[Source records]
========================================================================

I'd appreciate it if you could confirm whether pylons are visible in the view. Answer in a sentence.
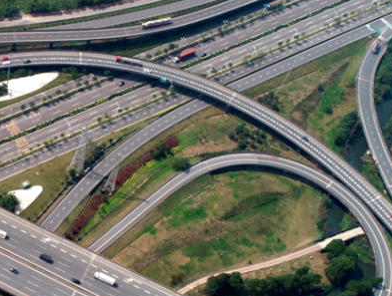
Yes, this view includes a pylon.
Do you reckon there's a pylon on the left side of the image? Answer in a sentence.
Yes, looking on the left side of the image, one can make out a pylon.
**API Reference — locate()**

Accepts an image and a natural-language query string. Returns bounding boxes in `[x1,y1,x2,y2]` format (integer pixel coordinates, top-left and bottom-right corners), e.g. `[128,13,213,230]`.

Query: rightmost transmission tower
[98,149,128,194]
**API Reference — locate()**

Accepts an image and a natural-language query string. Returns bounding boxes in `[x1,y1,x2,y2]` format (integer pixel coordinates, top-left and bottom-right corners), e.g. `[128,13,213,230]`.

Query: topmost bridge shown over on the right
[355,38,392,199]
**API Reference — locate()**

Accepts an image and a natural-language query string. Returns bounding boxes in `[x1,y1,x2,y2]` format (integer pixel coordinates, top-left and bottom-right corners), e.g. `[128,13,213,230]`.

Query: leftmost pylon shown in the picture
[68,125,95,175]

========================================================================

TASK OBJECTIVE = Leave the pictures aside and give every entry above again word for word.

TASK RESPONSE =
I'd appreciate it if you could confirm whether pylons are visible in the view. Answer in a sentence.
Yes, this view includes a pylon.
Do you reckon there's a pylon on the left side of the image? Answer in a sentence.
Yes, looking on the left side of the image, one can make out a pylon.
**API Reference — locate()**

Accepts an image and a natural-language query string. Returns bounding boxes in `[x1,y1,x2,y2]` format (integer pixel coordinates, top-left and bottom-right corners), e.g. `[128,13,213,230]`.

Query: rightmost transmission tower
[98,149,128,194]
**API Reference — locate()**

Accepts an image and a natural-language query string. Returns bounding boxes in `[x1,y1,x2,y2]` format (integer pixel coordinates, top-left and bottom-right corners), e.g. `[128,13,213,230]`.

Query: topmost bridge shown over on the right
[355,38,392,199]
**API Reference — locate()**

Accepts an image and a natural-language query string. Returns bounding boxes in `[x1,y1,x2,y2]` format (integer pixel coordinates, top-left and bottom-right corners), e.g. `[128,13,213,230]`.

Query: leftmost pylon shown in the picture
[68,125,95,175]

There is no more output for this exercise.